An obscure article in The New York Times in 1981 reported the outbreak of a rare form of cancer (Kaposi's sarcoma) among 41 gay men in New York and California. This "cancer" was identified later on to be a complication observed at advanced stages, due to "human immunodeficiency virus (HIV)" infection. HIV targets the immune system and other parts of the body. In more advanced stages, among those infected with HIV, the immune system is so compromised, thus, the term "acquired immunodeficiency syndrome (AIDS)", making the patients vulnerable to a range of other AIDS-related illnesses and opportunistic infections, e.g., cryptococcal meningitis, Pneumocystis pneumonia, Kaposi's sarcoma, tuberculosis (TB), etc.
Twenty years since the discovery of HIV, about 22 million people worldwide have died of AIDS and an estimated 36 million people are living with HIV or AIDS1. These numbers are more than 50% higher than previous estimates in 1991 and even higher estimates of 50 million have been reported as of 1999. In year 2000 alone, about 5 million people have been infected with HIV and about 2 million have died of AIDS.
More than 70% of people with HIV/AIDS now live in Africa (more specifically Sub-Saharan Africa), where the majority of these cases were contracted through heterosexual transmission. In some of the countries in Sub-Saharan Africa, more than 10% of the total population are infected and still much higher among those in the 15-49 age range.

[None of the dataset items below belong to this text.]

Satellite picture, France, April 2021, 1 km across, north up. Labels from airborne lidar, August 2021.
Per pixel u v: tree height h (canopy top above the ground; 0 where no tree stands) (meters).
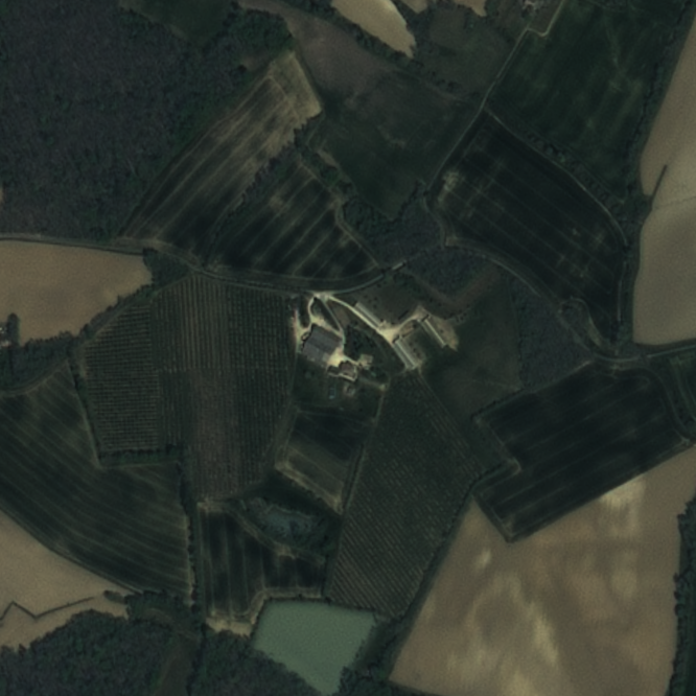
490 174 0
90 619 15
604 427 0
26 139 22
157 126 24
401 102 0
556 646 0
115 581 0
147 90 17
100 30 14
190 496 23
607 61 0
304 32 0
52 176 22
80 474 0
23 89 18
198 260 0
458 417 0
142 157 18
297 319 0
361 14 0
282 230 0
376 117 0
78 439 0
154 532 0
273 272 0
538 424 0
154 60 18
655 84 14
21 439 0
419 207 6
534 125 0
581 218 0
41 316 0
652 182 0
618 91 0
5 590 0
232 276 0
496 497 0
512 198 0
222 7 0
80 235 17
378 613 9
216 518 0
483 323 6
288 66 0
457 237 0
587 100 0
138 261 0
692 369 0
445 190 0
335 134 0
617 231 0
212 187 0
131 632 17
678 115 0
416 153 0
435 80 9
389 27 0
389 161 0
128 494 0
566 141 0
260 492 0
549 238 0
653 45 0
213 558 0
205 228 0
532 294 15
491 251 0
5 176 17
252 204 11
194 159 0
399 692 13
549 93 0
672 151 0
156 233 0
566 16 0
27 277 0
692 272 0
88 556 0
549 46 0
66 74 15
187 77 23
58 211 16
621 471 0
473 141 0
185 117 24
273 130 0
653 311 0
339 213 0
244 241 0
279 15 0
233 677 15
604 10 0
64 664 15
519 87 0
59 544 0
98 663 23
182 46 19
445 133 0
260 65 0
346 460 0
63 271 0
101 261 0
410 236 13
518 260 0
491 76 0
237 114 0
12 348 13
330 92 0
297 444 0
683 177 0
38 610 0
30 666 23
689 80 0
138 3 0
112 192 22
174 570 0
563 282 0
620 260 0
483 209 0
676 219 0
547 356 17
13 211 16
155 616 0
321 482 0
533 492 0
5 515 0
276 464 0
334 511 0
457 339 0
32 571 0
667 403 0
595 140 0
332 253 0
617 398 0
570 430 0
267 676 22
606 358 0
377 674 21
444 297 12
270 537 9
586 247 0
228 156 0
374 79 0
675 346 0
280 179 17
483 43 0
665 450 0
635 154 18
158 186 0
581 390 0
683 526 16
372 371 8
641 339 0
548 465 0
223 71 18
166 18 0
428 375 0
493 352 0
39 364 18
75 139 18
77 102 19
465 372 0
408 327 0
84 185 22
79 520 0
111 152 23
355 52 0

While the complications of HIV infection was first diagnosed among gay men (and still the most predominant situation in many Western countries), recent trend indicated increased incidence of transmission among heterosexuals in other parts of the world. In fact, in Sub-Saharan Africa more women (55%) than men are infected with HIV1. Because of the prevalence of heterosexual transmission, pregnant women have transmitted the virus to their newborn during the delivery or breastfeeding.
In the United States (US), while the initial victims of the disease were homosexuals, new cases of HIV infection and AIDS disproportionately affect the poor and certain minority groups, e.g., African-Americans and Hispanics. Thus, while AIDS is no longer among the top 15 major causes of death in the US, it has become the major leading cause of death among African-Americans aged 25-45.
The significant drop in fatalities, among those with AIDS in Western countries, arose from significant progress in drug development to avert the progression of the disease and controlling other opportunistic infections. However, these drugs are prohibitively costly so that they are essentially out of reach to people living with HIV/AIDS in many of the less developed countries. Moreover, the HIV strains prevalent in Western countries -- where most of the antiviral drugs were developed -- are quite different from the HIV strains found in other parts of the world. It is possible that this HIV strain variation may reduce the efficacy of the drugs when used against the HIV strains that are more prevalent in other countries.
Aside from the variety of HIV strains found in different part of the world, a more serious concern is the ability of the different viruses to mutate quite rapidly. This results in rapid development of viral resistance to current drugs against AIDS.
The development of vaccines against HIV would be a more economically feasible strategy of combating the disease, especially in less developed countries. So far, the development of such an "AIDS vaccine" has eluded the scientific community. Moreover, even with successful development of AIDS vaccines, the efficacy of these vaccines against HIV can be thwarted by the rapid mutation of the various HIV strains.
With increasing globalization, other HIV strains may find their way to other parts of the world via defined modes of transmission. The different HIV strains have cell targets that may be have a bearing on their modes of transmission. If the latter hypothesis is correct, specific modes of transmission of HIV may reach a critical level also in Western countries, if certain HIV strains become more globally ubiquitous.
Considering all the above issues, it is imperative therefore that the AIDS epidemic be fought on a global scale. The UN Secretary-General Kofi Annan launched a UN initiative to raise $7-$10 billion annually to prevent the further spread of the AIDS epidemic and treat those who are already sick. The actual annual cost of combating the disease worldwide may be several fold higher than the targeted UNAIDS fund, once the total cost of patient care, education, AIDS drug, health infrastructure, etc. have been considered. So far, slightly more than $1 billion have been pledged to this initiative -- barely more than 10% of the targeted annual budget -- a far cry from the ambitious goals of the fund initiative.
Clearly, more bold, concerted and innovative initiatives are needed to combat the AIDS epidemic.